Paper using LiP for identification of protein-metabolite interactions now out in Cell!

Congratulations to Ilaria, Valentina, Paola and members of the Sauer lab as their paper 'A Map of Protein-Metabolite Interactions Reveals Principles of Chemical Communication' was accepted by Cell and is now online. The paper presents a chemoproteomic workflow for the systematic identification of metabolite-protein interactions directly in their native environment. 

by Paul Boersema

Metabolite-protein interactions control a variety of cellular processes, thereby playing a major role in maintaining cellular homeostasis.

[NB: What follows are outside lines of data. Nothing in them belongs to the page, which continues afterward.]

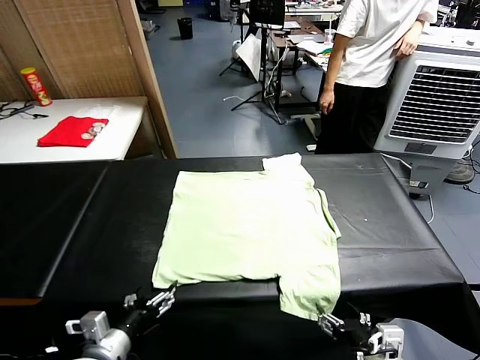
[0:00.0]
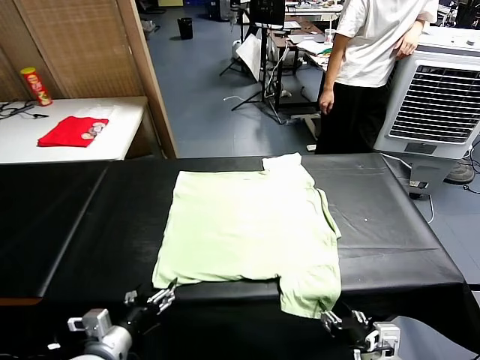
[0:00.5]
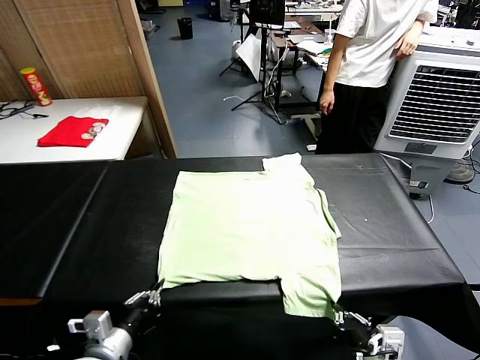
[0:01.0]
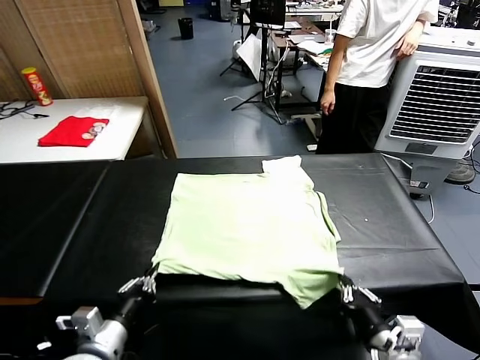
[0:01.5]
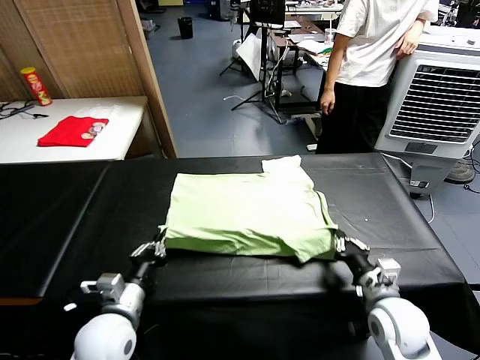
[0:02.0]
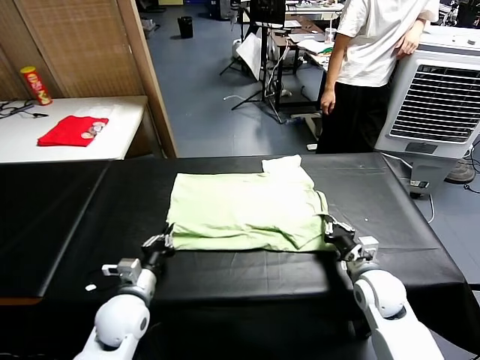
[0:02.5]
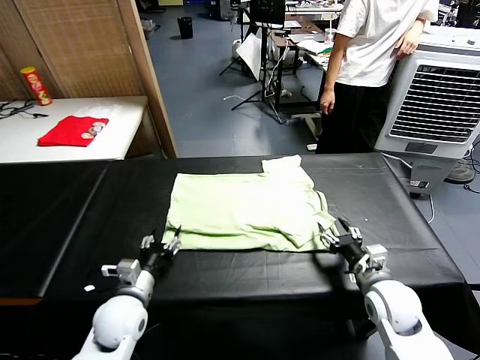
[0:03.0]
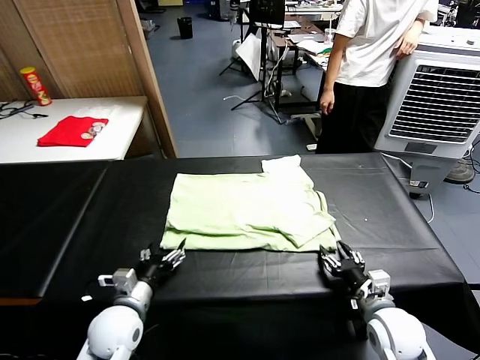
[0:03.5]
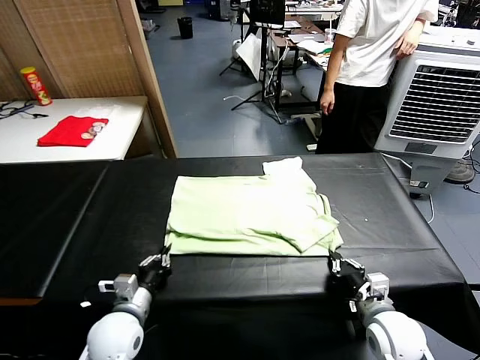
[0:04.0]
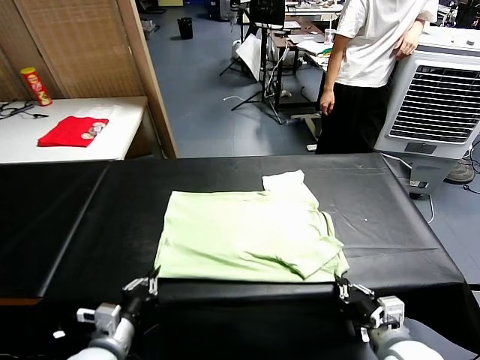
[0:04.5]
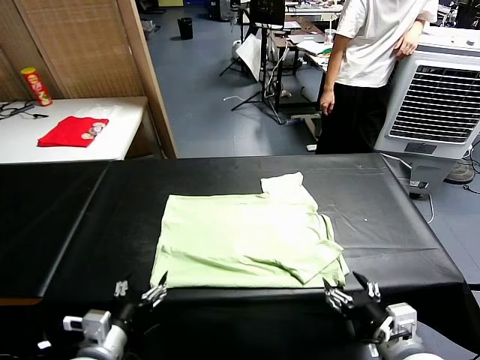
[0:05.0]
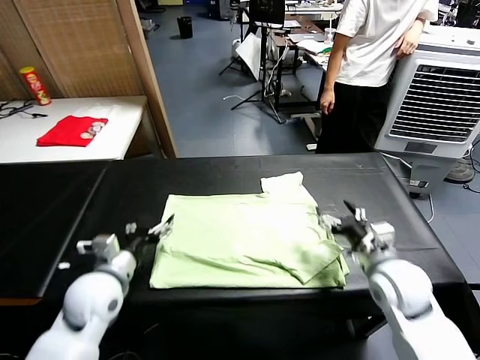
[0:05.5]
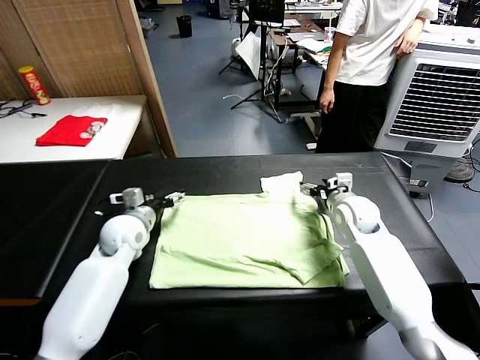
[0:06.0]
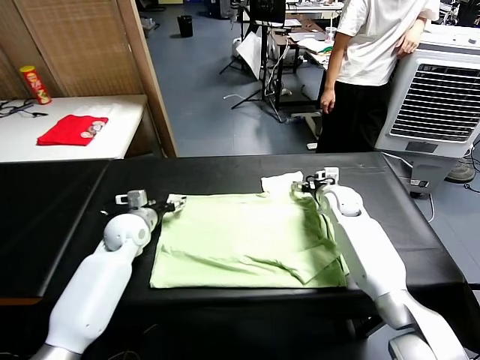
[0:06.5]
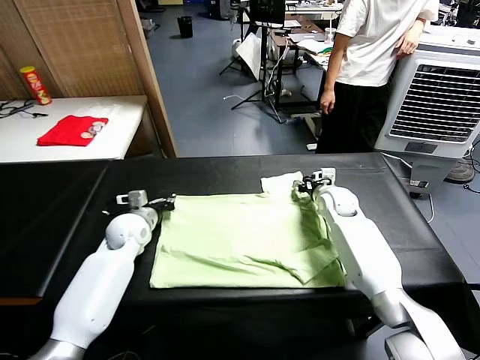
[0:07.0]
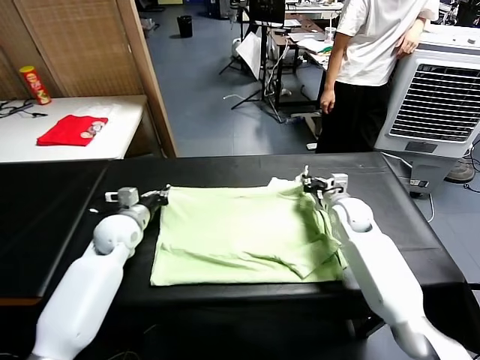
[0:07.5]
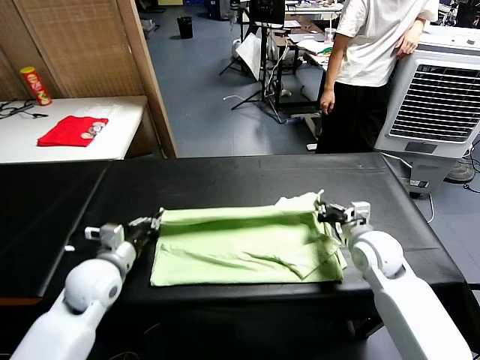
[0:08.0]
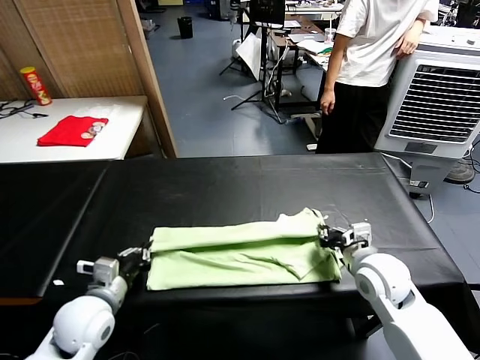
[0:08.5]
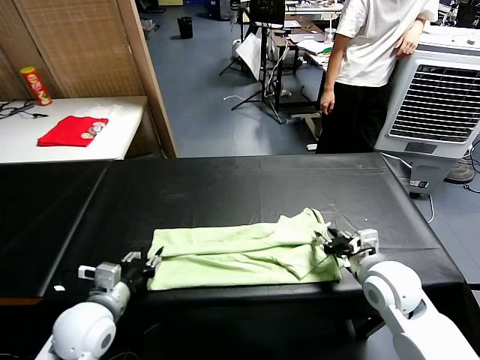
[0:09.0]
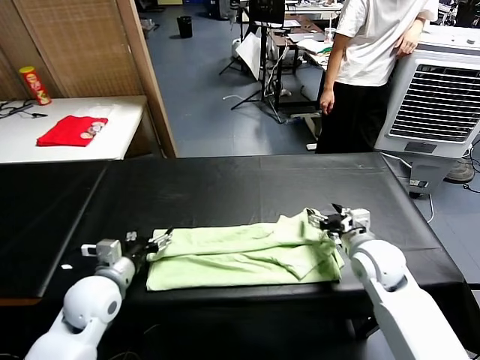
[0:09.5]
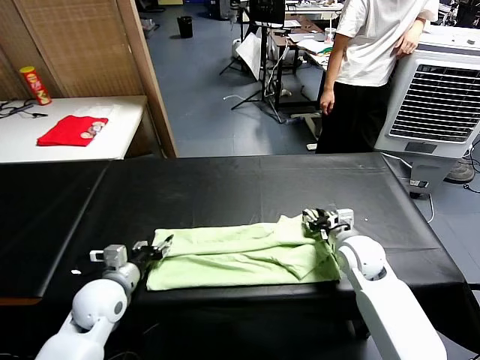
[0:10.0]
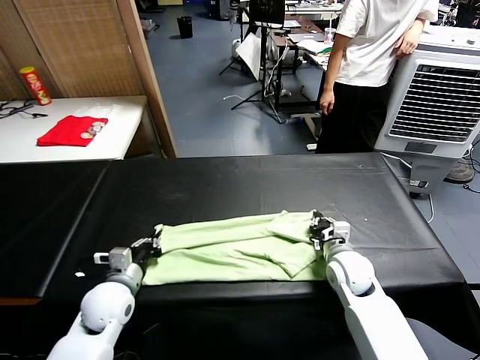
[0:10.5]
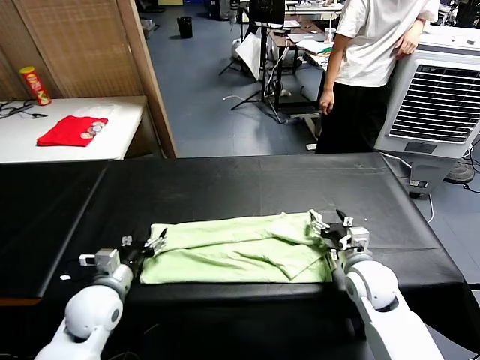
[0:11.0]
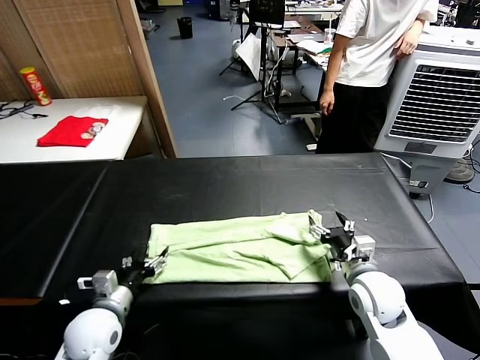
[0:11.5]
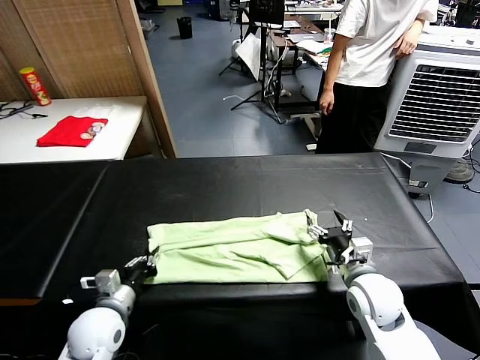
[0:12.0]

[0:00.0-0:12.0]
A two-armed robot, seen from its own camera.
Task of the whole recording: fold and organize the clothes.
Step, 0:00.0 to 0:00.5: use both grippers simultaneously to clamp the lower edge of the clothing fabric.
Step, 0:01.0 to 0:02.5: use both grippers to drag the lower edge of the fabric forward and fold it over the upper edge.
Step, 0:03.0 to 0:04.5: Drag the clothes downward with both gripper.
Step, 0:05.5 to 0:07.0: use both grippers simultaneously to clamp the upper edge of the clothing fabric.
Step, 0:07.5 to 0:09.0: use both grippers to drag the upper edge of the fabric backward and fold it over the lower edge.
Step, 0:09.5 to 0:11.5: use the left gripper to clamp the left edge of the fabric.
0:02.0 to 0:04.0: The right gripper moves backward, about 10 cm, and opens, then closes once more. The left gripper opens, then closes once more.
0:04.0 to 0:06.0: The grippers both shift forward by roughly 25 cm. The left gripper opens up; the right gripper opens its fingers.
0:06.0 to 0:08.0: Both grippers travel together backward, approximately 15 cm. The right gripper closes; the left gripper closes up.
0:08.0 to 0:10.0: The left gripper opens up. The right gripper changes place by roughly 5 cm, and opens and closes again.
0:10.0 to 0:12.0: The left gripper moves roughly 5 cm, and closes. Meanwhile the right gripper goes roughly 10 cm backward, and opens up.

Metabolites comprise the largest fraction of molecules in cells, but our knowledge of the metabolite-protein interactome lags behind our understanding of protein-protein or protein-DNA interactomes. Here, we present a chemoproteomic workflow for the systematic identification of metabolite-protein interactions directly in their native environment. The approach identified a network of known and novel interactions and binding sites in Escherichia coli, and we demonstrated the functional relevance of a number of newly identified interactions. Our data enabled identification of new enzyme-substrate relationships and cases of metabolite-induced remodeling of protein complexes. Our metabolite-protein interactome consists of 1,678 interactions and 7,345 putative binding sites. Our data reveal functional and structural principles of chemical communication, shed light on the prevalence and mechanisms of enzyme promiscuity, and enable extraction of quantitative parameters of metabolite binding on a proteome-wide scale.